> Your instructions: From the entries below, return exactly the lines beginning at the one that contains "Your answer should be very brief. 1.51." and ending at the one that contains "Offer a very short reply. 1.36.", both of them included, and only those lines.

Recorded data

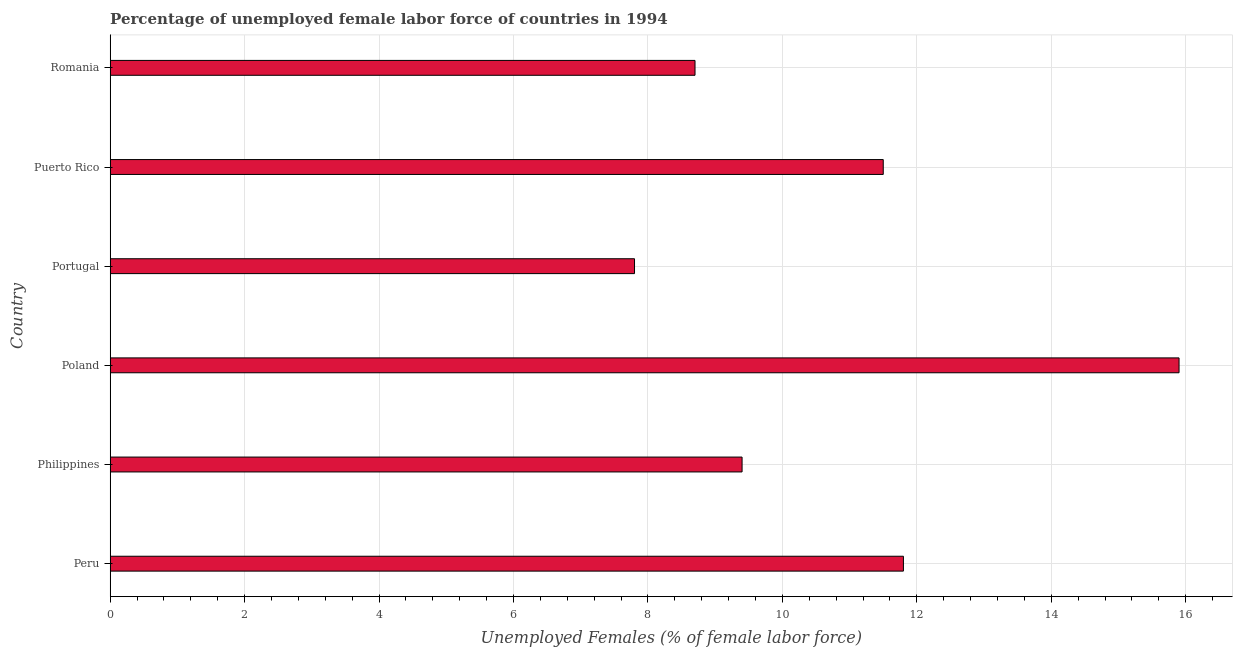What is the title of the graph?
Offer a very short reply. Percentage of unemployed female labor force of countries in 1994. What is the label or title of the X-axis?
Ensure brevity in your answer.  Unemployed Females (% of female labor force). What is the label or title of the Y-axis?
Ensure brevity in your answer.  Country. What is the total unemployed female labour force in Poland?
Your response must be concise. 15.9. Across all countries, what is the maximum total unemployed female labour force?
Provide a short and direct response. 15.9. Across all countries, what is the minimum total unemployed female labour force?
Your answer should be very brief. 7.8. What is the sum of the total unemployed female labour force?
Give a very brief answer. 65.1. What is the average total unemployed female labour force per country?
Your answer should be very brief. 10.85. What is the median total unemployed female labour force?
Keep it short and to the point. 10.45. In how many countries, is the total unemployed female labour force greater than 6.4 %?
Offer a very short reply. 6. What is the ratio of the total unemployed female labour force in Poland to that in Portugal?
Give a very brief answer. 2.04. Is the total unemployed female labour force in Peru less than that in Philippines?
Make the answer very short. No. Is the sum of the total unemployed female labour force in Philippines and Portugal greater than the maximum total unemployed female labour force across all countries?
Provide a succinct answer. Yes. What is the difference between the highest and the lowest total unemployed female labour force?
Offer a very short reply. 8.1. In how many countries, is the total unemployed female labour force greater than the average total unemployed female labour force taken over all countries?
Ensure brevity in your answer.  3. Are all the bars in the graph horizontal?
Offer a terse response. Yes. How many countries are there in the graph?
Your answer should be compact. 6. Are the values on the major ticks of X-axis written in scientific E-notation?
Your response must be concise. No. What is the Unemployed Females (% of female labor force) in Peru?
Your answer should be very brief. 11.8. What is the Unemployed Females (% of female labor force) of Philippines?
Give a very brief answer. 9.4. What is the Unemployed Females (% of female labor force) of Poland?
Provide a succinct answer. 15.9. What is the Unemployed Females (% of female labor force) of Portugal?
Offer a very short reply. 7.8. What is the Unemployed Females (% of female labor force) of Romania?
Give a very brief answer. 8.7. What is the difference between the Unemployed Females (% of female labor force) in Philippines and Poland?
Make the answer very short. -6.5. What is the difference between the Unemployed Females (% of female labor force) in Philippines and Puerto Rico?
Your answer should be very brief. -2.1. What is the difference between the Unemployed Females (% of female labor force) in Poland and Portugal?
Your response must be concise. 8.1. What is the difference between the Unemployed Females (% of female labor force) in Poland and Romania?
Make the answer very short. 7.2. What is the difference between the Unemployed Females (% of female labor force) in Portugal and Puerto Rico?
Provide a short and direct response. -3.7. What is the difference between the Unemployed Females (% of female labor force) in Portugal and Romania?
Give a very brief answer. -0.9. What is the difference between the Unemployed Females (% of female labor force) in Puerto Rico and Romania?
Your response must be concise. 2.8. What is the ratio of the Unemployed Females (% of female labor force) in Peru to that in Philippines?
Provide a succinct answer. 1.25. What is the ratio of the Unemployed Females (% of female labor force) in Peru to that in Poland?
Keep it short and to the point. 0.74. What is the ratio of the Unemployed Females (% of female labor force) in Peru to that in Portugal?
Your answer should be very brief. 1.51. What is the ratio of the Unemployed Females (% of female labor force) in Peru to that in Puerto Rico?
Make the answer very short. 1.03. What is the ratio of the Unemployed Females (% of female labor force) in Peru to that in Romania?
Offer a very short reply. 1.36. What is the ratio of the Unemployed Females (% of female labor force) in Philippines to that in Poland?
Your answer should be compact. 0.59. What is the ratio of the Unemployed Females (% of female labor force) in Philippines to that in Portugal?
Make the answer very short. 1.21. What is the ratio of the Unemployed Females (% of female labor force) in Philippines to that in Puerto Rico?
Your answer should be very brief. 0.82. What is the ratio of the Unemployed Females (% of female labor force) in Philippines to that in Romania?
Provide a succinct answer. 1.08. What is the ratio of the Unemployed Females (% of female labor force) in Poland to that in Portugal?
Make the answer very short. 2.04. What is the ratio of the Unemployed Females (% of female labor force) in Poland to that in Puerto Rico?
Provide a succinct answer. 1.38. What is the ratio of the Unemployed Females (% of female labor force) in Poland to that in Romania?
Offer a terse response. 1.83. What is the ratio of the Unemployed Females (% of female labor force) in Portugal to that in Puerto Rico?
Keep it short and to the point. 0.68. What is the ratio of the Unemployed Females (% of female labor force) in Portugal to that in Romania?
Offer a very short reply. 0.9. What is the ratio of the Unemployed Females (% of female labor force) in Puerto Rico to that in Romania?
Make the answer very short. 1.32. 
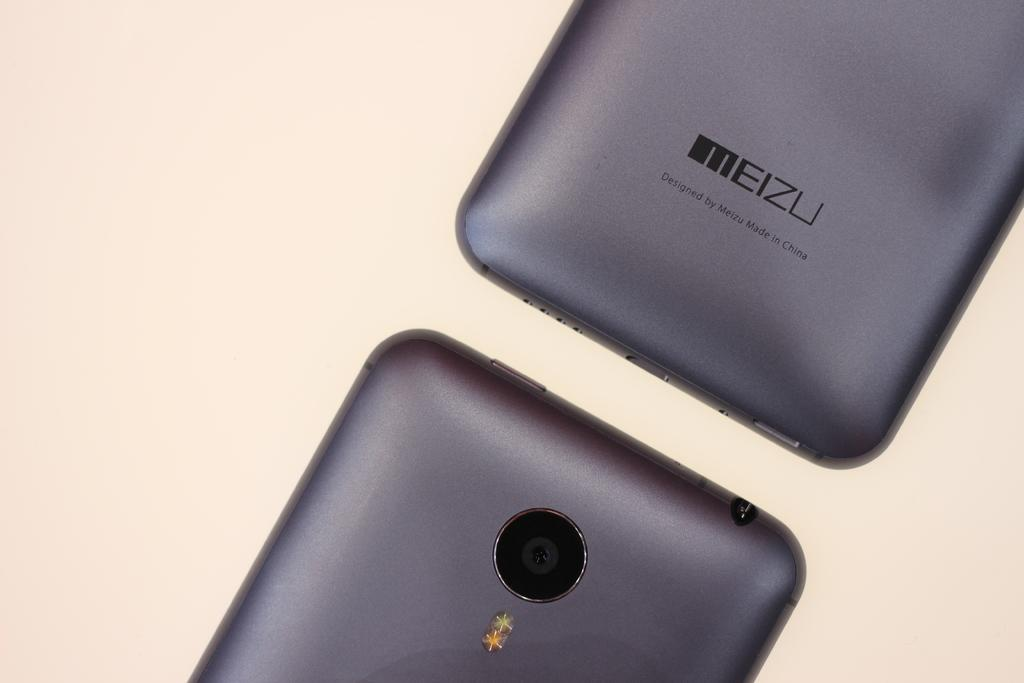Provide a one-sentence caption for the provided image. The rear bottom of a meizu smart phone says Designed by Meizu Made in China and it above the top of another phone. 
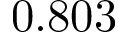Convert formula to latex. <formula><loc_0><loc_0><loc_500><loc_500>0 . 8 0 3</formula> 
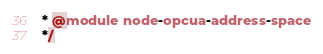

> Exercise response:
Your answer should be very brief. 1.51. What is the ratio of the Unemployed Females (% of female labor force) in Peru to that in Puerto Rico?
Make the answer very short. 1.03. What is the ratio of the Unemployed Females (% of female labor force) in Peru to that in Romania?
Offer a very short reply. 1.36. What is the ratio of the Unemployed Females (% of female labor force) in Philippines to that in Poland?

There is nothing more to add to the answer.